> WHAT YOU WILL DO
Your answer must be a word-for-word copy of the listing, with all pictures excluded.
Start of EXERCISE INPUTS
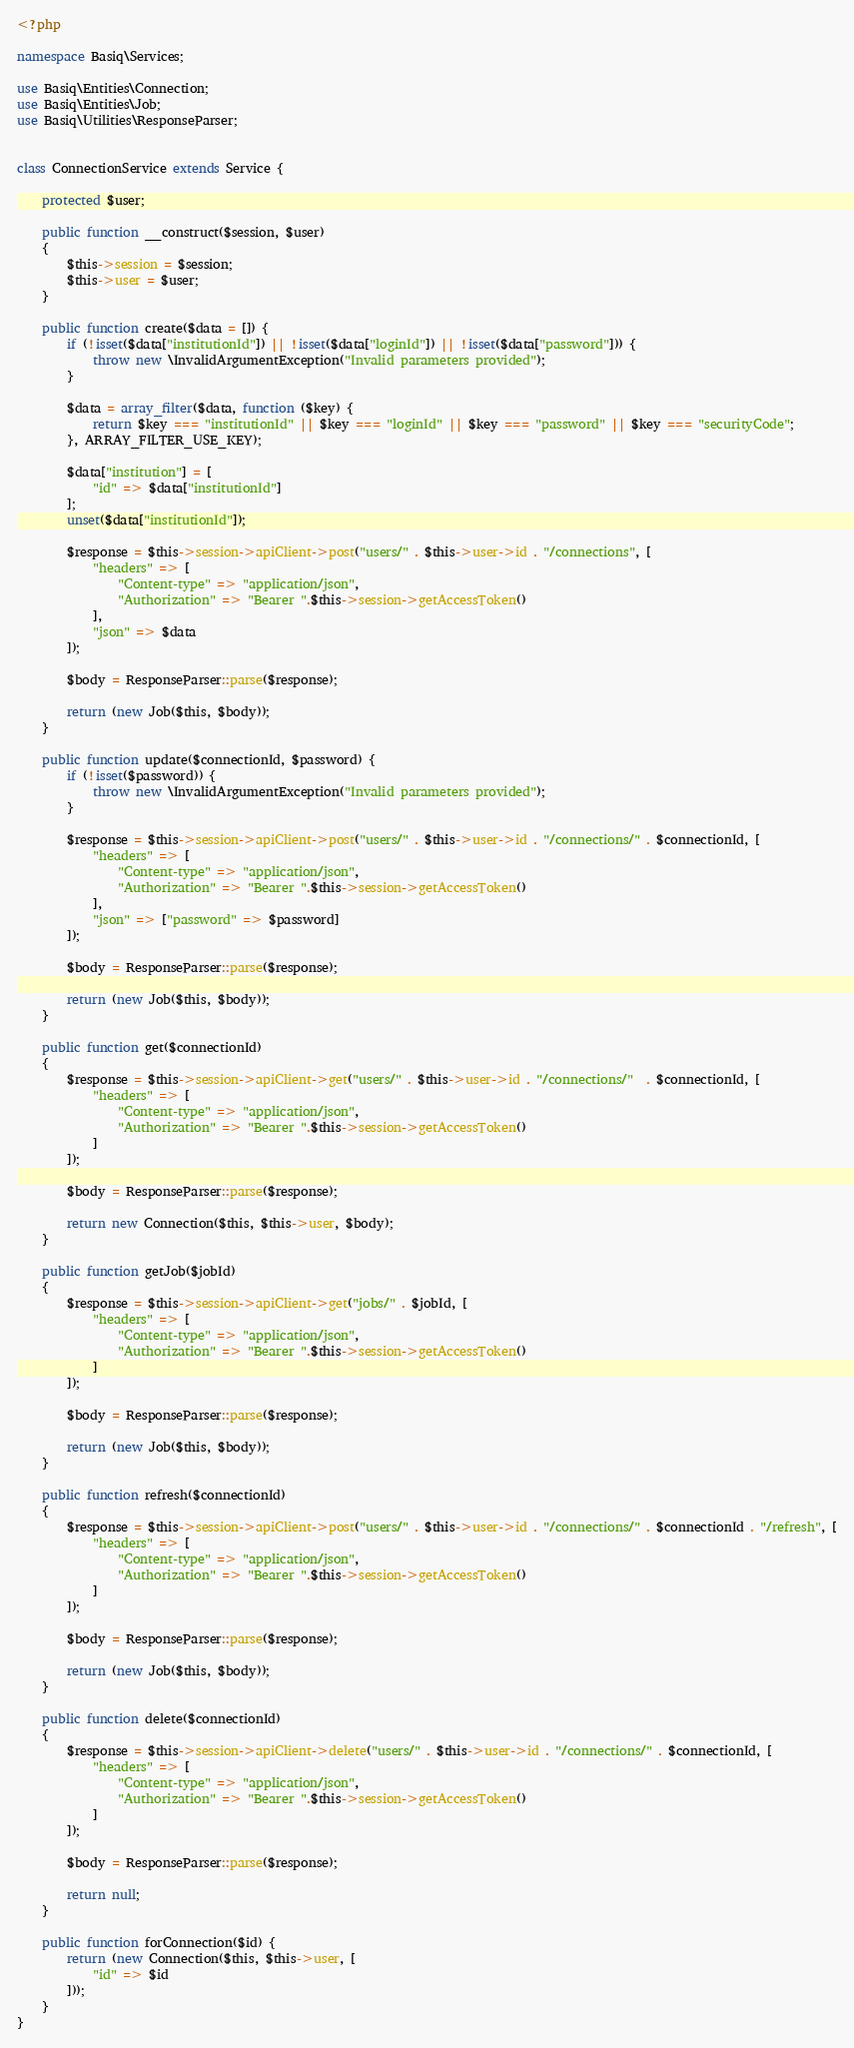<code> <loc_0><loc_0><loc_500><loc_500><_PHP_><?php 

namespace Basiq\Services;

use Basiq\Entities\Connection;
use Basiq\Entities\Job;
use Basiq\Utilities\ResponseParser;


class ConnectionService extends Service {

    protected $user;

    public function __construct($session, $user) 
    {
        $this->session = $session;
        $this->user = $user;
    }

    public function create($data = []) {
        if (!isset($data["institutionId"]) || !isset($data["loginId"]) || !isset($data["password"])) {
            throw new \InvalidArgumentException("Invalid parameters provided");
        }

        $data = array_filter($data, function ($key) {
            return $key === "institutionId" || $key === "loginId" || $key === "password" || $key === "securityCode";
        }, ARRAY_FILTER_USE_KEY);

        $data["institution"] = [
            "id" => $data["institutionId"]
        ];
        unset($data["institutionId"]);

        $response = $this->session->apiClient->post("users/" . $this->user->id . "/connections", [
            "headers" => [
                "Content-type" => "application/json",
                "Authorization" => "Bearer ".$this->session->getAccessToken()
            ],
            "json" => $data
        ]);

        $body = ResponseParser::parse($response);

        return (new Job($this, $body));
    }

    public function update($connectionId, $password) {
        if (!isset($password)) {
            throw new \InvalidArgumentException("Invalid parameters provided");
        }

        $response = $this->session->apiClient->post("users/" . $this->user->id . "/connections/" . $connectionId, [
            "headers" => [
                "Content-type" => "application/json",
                "Authorization" => "Bearer ".$this->session->getAccessToken()
            ],
            "json" => ["password" => $password]
        ]);

        $body = ResponseParser::parse($response);

        return (new Job($this, $body));
    }

    public function get($connectionId)
    {
        $response = $this->session->apiClient->get("users/" . $this->user->id . "/connections/"  . $connectionId, [
            "headers" => [
                "Content-type" => "application/json",
                "Authorization" => "Bearer ".$this->session->getAccessToken()
            ]
        ]);

        $body = ResponseParser::parse($response);

        return new Connection($this, $this->user, $body);
    }

    public function getJob($jobId)
    {
        $response = $this->session->apiClient->get("jobs/" . $jobId, [
            "headers" => [
                "Content-type" => "application/json",
                "Authorization" => "Bearer ".$this->session->getAccessToken()
            ]
        ]);

        $body = ResponseParser::parse($response);

        return (new Job($this, $body));
    }

    public function refresh($connectionId)
    {
        $response = $this->session->apiClient->post("users/" . $this->user->id . "/connections/" . $connectionId . "/refresh", [
            "headers" => [
                "Content-type" => "application/json",
                "Authorization" => "Bearer ".$this->session->getAccessToken()
            ]
        ]);

        $body = ResponseParser::parse($response);

        return (new Job($this, $body));
    }

    public function delete($connectionId)
    {
        $response = $this->session->apiClient->delete("users/" . $this->user->id . "/connections/" . $connectionId, [
            "headers" => [
                "Content-type" => "application/json",
                "Authorization" => "Bearer ".$this->session->getAccessToken()
            ]
        ]);

        $body = ResponseParser::parse($response);

        return null;
    }

    public function forConnection($id) {
        return (new Connection($this, $this->user, [
            "id" => $id
        ]));
    }
}</code> 
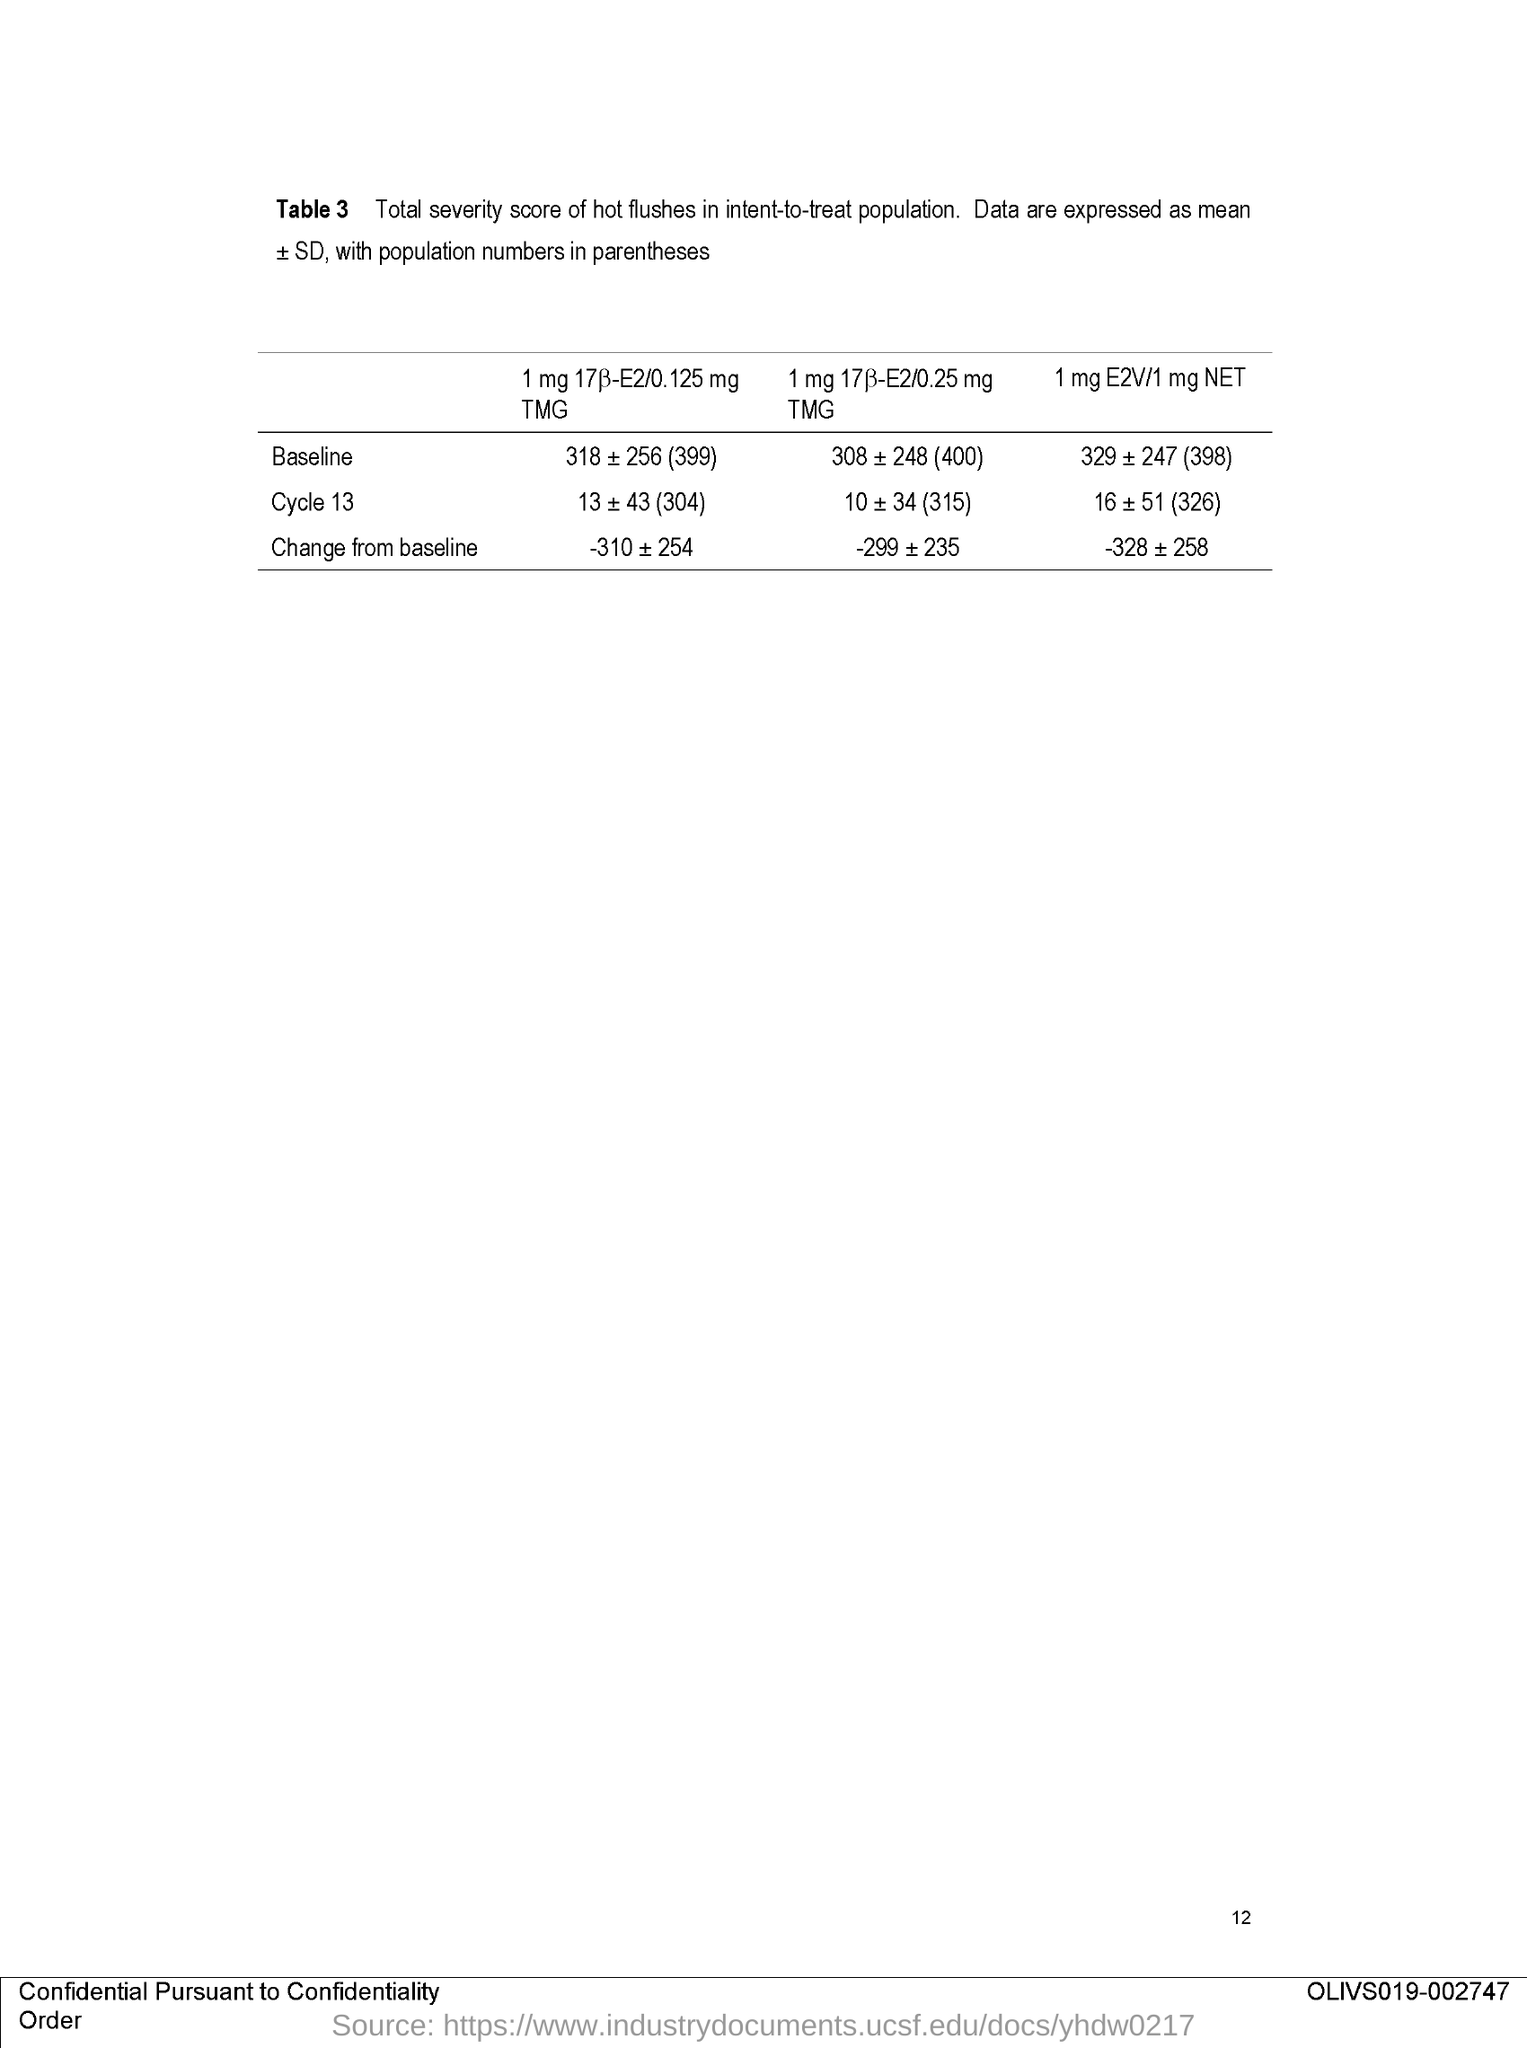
End of EXERCISE INPUTS
> ANSWER TO THE PROBLEM
<code> <loc_0><loc_0><loc_500><loc_500><_PHP_><?php 

namespace Basiq\Services;

use Basiq\Entities\Connection;
use Basiq\Entities\Job;
use Basiq\Utilities\ResponseParser;


class ConnectionService extends Service {

    protected $user;

    public function __construct($session, $user) 
    {
        $this->session = $session;
        $this->user = $user;
    }

    public function create($data = []) {
        if (!isset($data["institutionId"]) || !isset($data["loginId"]) || !isset($data["password"])) {
            throw new \InvalidArgumentException("Invalid parameters provided");
        }

        $data = array_filter($data, function ($key) {
            return $key === "institutionId" || $key === "loginId" || $key === "password" || $key === "securityCode";
        }, ARRAY_FILTER_USE_KEY);

        $data["institution"] = [
            "id" => $data["institutionId"]
        ];
        unset($data["institutionId"]);

        $response = $this->session->apiClient->post("users/" . $this->user->id . "/connections", [
            "headers" => [
                "Content-type" => "application/json",
                "Authorization" => "Bearer ".$this->session->getAccessToken()
            ],
            "json" => $data
        ]);

        $body = ResponseParser::parse($response);

        return (new Job($this, $body));
    }

    public function update($connectionId, $password) {
        if (!isset($password)) {
            throw new \InvalidArgumentException("Invalid parameters provided");
        }

        $response = $this->session->apiClient->post("users/" . $this->user->id . "/connections/" . $connectionId, [
            "headers" => [
                "Content-type" => "application/json",
                "Authorization" => "Bearer ".$this->session->getAccessToken()
            ],
            "json" => ["password" => $password]
        ]);

        $body = ResponseParser::parse($response);

        return (new Job($this, $body));
    }

    public function get($connectionId)
    {
        $response = $this->session->apiClient->get("users/" . $this->user->id . "/connections/"  . $connectionId, [
            "headers" => [
                "Content-type" => "application/json",
                "Authorization" => "Bearer ".$this->session->getAccessToken()
            ]
        ]);

        $body = ResponseParser::parse($response);

        return new Connection($this, $this->user, $body);
    }

    public function getJob($jobId)
    {
        $response = $this->session->apiClient->get("jobs/" . $jobId, [
            "headers" => [
                "Content-type" => "application/json",
                "Authorization" => "Bearer ".$this->session->getAccessToken()
            ]
        ]);

        $body = ResponseParser::parse($response);

        return (new Job($this, $body));
    }

    public function refresh($connectionId)
    {
        $response = $this->session->apiClient->post("users/" . $this->user->id . "/connections/" . $connectionId . "/refresh", [
            "headers" => [
                "Content-type" => "application/json",
                "Authorization" => "Bearer ".$this->session->getAccessToken()
            ]
        ]);

        $body = ResponseParser::parse($response);

        return (new Job($this, $body));
    }

    public function delete($connectionId)
    {
        $response = $this->session->apiClient->delete("users/" . $this->user->id . "/connections/" . $connectionId, [
            "headers" => [
                "Content-type" => "application/json",
                "Authorization" => "Bearer ".$this->session->getAccessToken()
            ]
        ]);

        $body = ResponseParser::parse($response);

        return null;
    }

    public function forConnection($id) {
        return (new Connection($this, $this->user, [
            "id" => $id
        ]));
    }
}</code> 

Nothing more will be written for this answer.